L’intérêt de MSC dans la stratégie industrielle française

Revenons au fond de l’affaire. Pour des raisons contestées dans nos colonnes, les crânes d’oeuf bercyens pensent que les chantiers navals français n’ont pas la taille critique pour survivre sur les marchés internationaux. Ils se sont donc mis en tête un slogan qui n’a pas beaucoup de sens, mais qui a le mérite de dispenser de réfléchir: il faut un Airbus du chantier naval européen. Donc, il faut céder les joyaux français à un ensemble dont nous sommes persuadés qu’il constituera une catastrophe industrielle à l’horizon des dix ans à venir.

Car, il en ira des chantiers navals comme d’Alstom, comme de Péchiney: la course au gigantisme menée par des énarques et des polytechniciens qui s’imaginent tout savoir et être capables de conduire une entreprise se termine toujours par un « game over » pour nos fleurons. La fatuité de nos élites est le principal boulet tiré par ce pays.

Or une alliance avec MSC dans cet ensemble est probablement la seule stratégie intelligente que nous puissions mener face aux appétits de son concurrent italien, lié à la Chine, appelé Fincantieri. Dans le dossier STX, la mise sur pied d’un consortium autour de MSC constituait une solution salutaire, probablement empêchée en son temps, déjà, par les conflits d’intérêt entre Alexis Kohler et MSC.

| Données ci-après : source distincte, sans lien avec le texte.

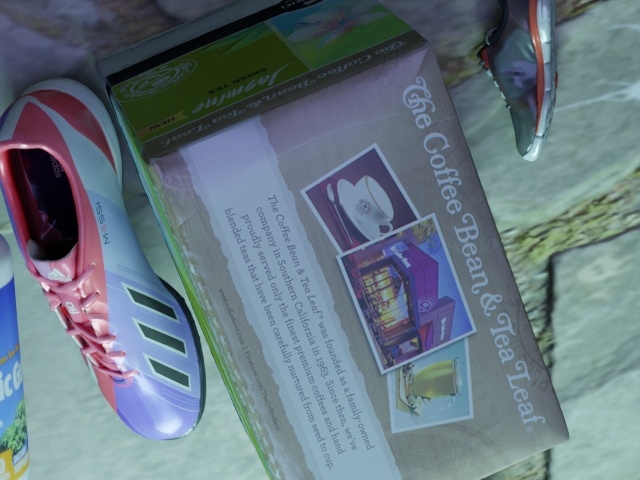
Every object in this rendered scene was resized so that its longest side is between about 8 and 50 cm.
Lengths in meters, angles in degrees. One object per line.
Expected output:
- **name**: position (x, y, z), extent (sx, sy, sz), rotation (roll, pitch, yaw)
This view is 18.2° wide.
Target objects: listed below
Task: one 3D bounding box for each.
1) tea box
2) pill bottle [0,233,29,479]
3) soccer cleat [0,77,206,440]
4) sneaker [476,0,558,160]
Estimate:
- **tea box**: position (0.000, 0.000, 1.525), extent (0.220, 0.323, 0.329), rotation (-24, 110, -6)
- **pill bottle**: position (-0.312, 0.070, 1.558), extent (0.152, 0.152, 0.272), rotation (-6, 109, -12)
- **soccer cleat**: position (-0.183, 0.033, 1.584), extent (0.109, 0.116, 0.318), rotation (-10, 110, 21)
- **sneaker**: position (0.164, -0.145, 1.676), extent (0.065, 0.061, 0.158), rotation (3, 107, 13)

Et c’est bien le drame de la situation. Le fait qu’Alexis Kohler soit familialement lié à MSC et que la presse subventionnée entretienne autour de cette alliance un climat de dénonciation malsain, est beaucoup plus, pour nos chantiers navals, un handicap qu’une protection. Nous aurions besoin, pour coiffer la pensée Barbie Cyrillus de Bruno Le Maire, qui a beaucoup de qualités littéraires mais malheureusement une intelligence plus que limitée de l’entreprise, d’un esprit supérieur capable d’oser une alliance entre nos chantiers navals et MSC. Parce qu’Alexis Kohler est lié à MSC, cette audace n’est malheureusement pas possible.

On attendrait d’un journal prétentieux et bouffi d’orgueil comme Le Monde, une mise en perspective du dossier Kohler avec les problématiques industrielles du pays. Malheureusement, les quelques 15 millions de subventions publiques que ce journal engrange chaque année lui servent plus à torpiller un gouvernement qui s’apprête à réformer les aides publiques qu’à informer le public.

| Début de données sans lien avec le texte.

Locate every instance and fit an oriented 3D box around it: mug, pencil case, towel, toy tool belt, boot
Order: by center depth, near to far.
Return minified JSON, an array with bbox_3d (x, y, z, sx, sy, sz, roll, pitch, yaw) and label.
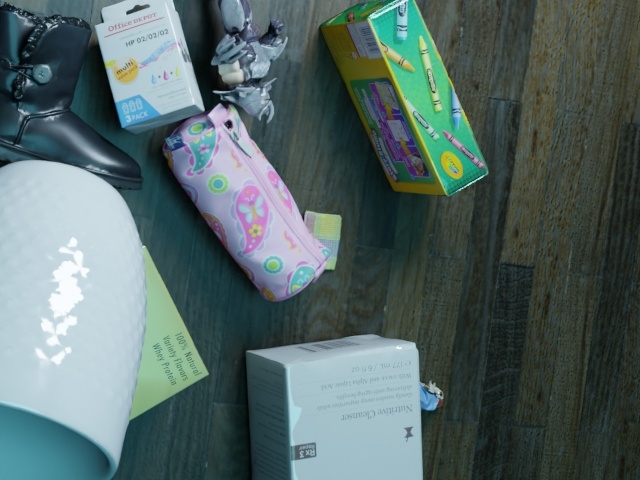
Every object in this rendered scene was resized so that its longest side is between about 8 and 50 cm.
[{"bbox_3d":[-0.383,0.081,1.617,0.374,0.276,0.328,7,60,3],"label":"mug"},{"bbox_3d":[-0.328,-0.187,1.844,0.246,0.094,0.207,15,91,-18],"label":"boot"},{"bbox_3d":[-0.101,-0.054,1.940,0.124,0.124,0.284,-38,108,-17],"label":"pencil case"},{"bbox_3d":[0.000,0.000,2.049,0.060,0.009,0.083,4,93,-25],"label":"towel"},{"bbox_3d":[0.156,0.235,2.111,0.083,0.051,0.052,24,84,-24],"label":"toy tool belt"}]

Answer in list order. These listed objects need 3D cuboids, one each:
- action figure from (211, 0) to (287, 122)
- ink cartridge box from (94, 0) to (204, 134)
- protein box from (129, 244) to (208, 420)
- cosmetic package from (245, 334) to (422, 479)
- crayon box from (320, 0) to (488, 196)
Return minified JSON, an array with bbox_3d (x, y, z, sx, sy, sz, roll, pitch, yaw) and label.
[{"bbox_3d":[-0.109,-0.296,1.901,0.099,0.185,0.285,-14,96,8],"label":"action figure"},{"bbox_3d":[-0.230,-0.244,1.857,0.104,0.061,0.181,-17,82,7],"label":"ink cartridge box"},{"bbox_3d":[-0.294,0.133,1.861,0.201,0.136,0.200,-30,104,-19],"label":"protein box"},{"bbox_3d":[0.023,0.340,2.004,0.217,0.156,0.385,-7,96,-25],"label":"cosmetic package"},{"bbox_3d":[0.117,-0.202,2.001,0.081,0.165,0.278,-31,106,-19],"label":"crayon box"}]

Arrêtons ce climat populiste

Entre l’affaire Benalla et la pseudo-affaire Kohler, on voit bien le glissement qui se produit dans une certaine presse auto-proclamée respectable. Il ne s’agit plus d’informer sur le débat politique, il s’agit de l’orienter dans un sens permettant de disqualifier par avance tout projet de réforme. Pour y parvenir, la ficelle est ancienne: on jette le discrédit, on généralise la suspicion, à partir de faits grossis, déformés ou tirés de leur contexte dont on ne rappelle jamais ni la complexité ni l’importance.

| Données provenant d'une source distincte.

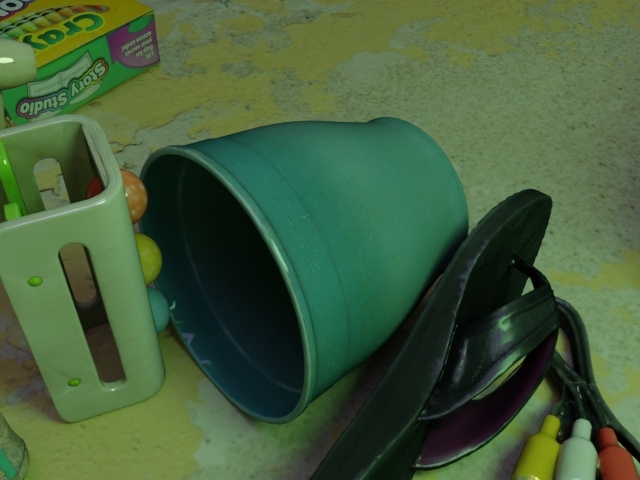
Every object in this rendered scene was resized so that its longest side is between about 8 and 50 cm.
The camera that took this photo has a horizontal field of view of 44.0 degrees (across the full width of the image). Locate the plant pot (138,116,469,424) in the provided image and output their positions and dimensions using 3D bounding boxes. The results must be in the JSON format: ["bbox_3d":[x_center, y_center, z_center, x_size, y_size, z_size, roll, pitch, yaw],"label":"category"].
[{"bbox_3d":[0.000,0.000,0.785,0.255,0.272,0.271,-25,51,-32],"label":"plant pot"}]

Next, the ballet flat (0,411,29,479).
[{"bbox_3d":[-0.412,0.148,0.727,0.316,0.106,0.107,13,47,12],"label":"ballet flat"}]

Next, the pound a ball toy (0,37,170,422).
[{"bbox_3d":[-0.229,-0.012,0.739,0.135,0.319,0.208,-17,48,-17],"label":"pound a ball toy"}]

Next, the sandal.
[{"bbox_3d":[0.130,0.137,0.716,0.107,0.167,0.446,22,59,27],"label":"sandal"}]

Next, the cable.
[{"bbox_3d":[0.255,0.154,0.757,0.139,0.072,0.287,6,46,10],"label":"cable"}]

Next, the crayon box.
[{"bbox_3d":[-0.474,-0.281,1.143,0.313,0.106,0.363,31,53,26],"label":"crayon box"}]

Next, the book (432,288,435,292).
[{"bbox_3d":[0.158,0.045,0.846,0.035,0.096,0.144,29,52,24],"label":"book"}]

Or, une chose est sûre: des choix d’importance attendent les chantiers navals français. Des choix d’importance attendent les Français eux-mêmes, car on ne tardera pas à voir qu’une croissance plus faible que prévu oblige à des arbitrages impopulaires. L’ambiance populiste installée par la presse subventionnée augure mal de la pertinence des choix qui seront opérés en bout de course. Car sans une forte légitimité, Macron aura du mal à imposer les réformes nécessaires.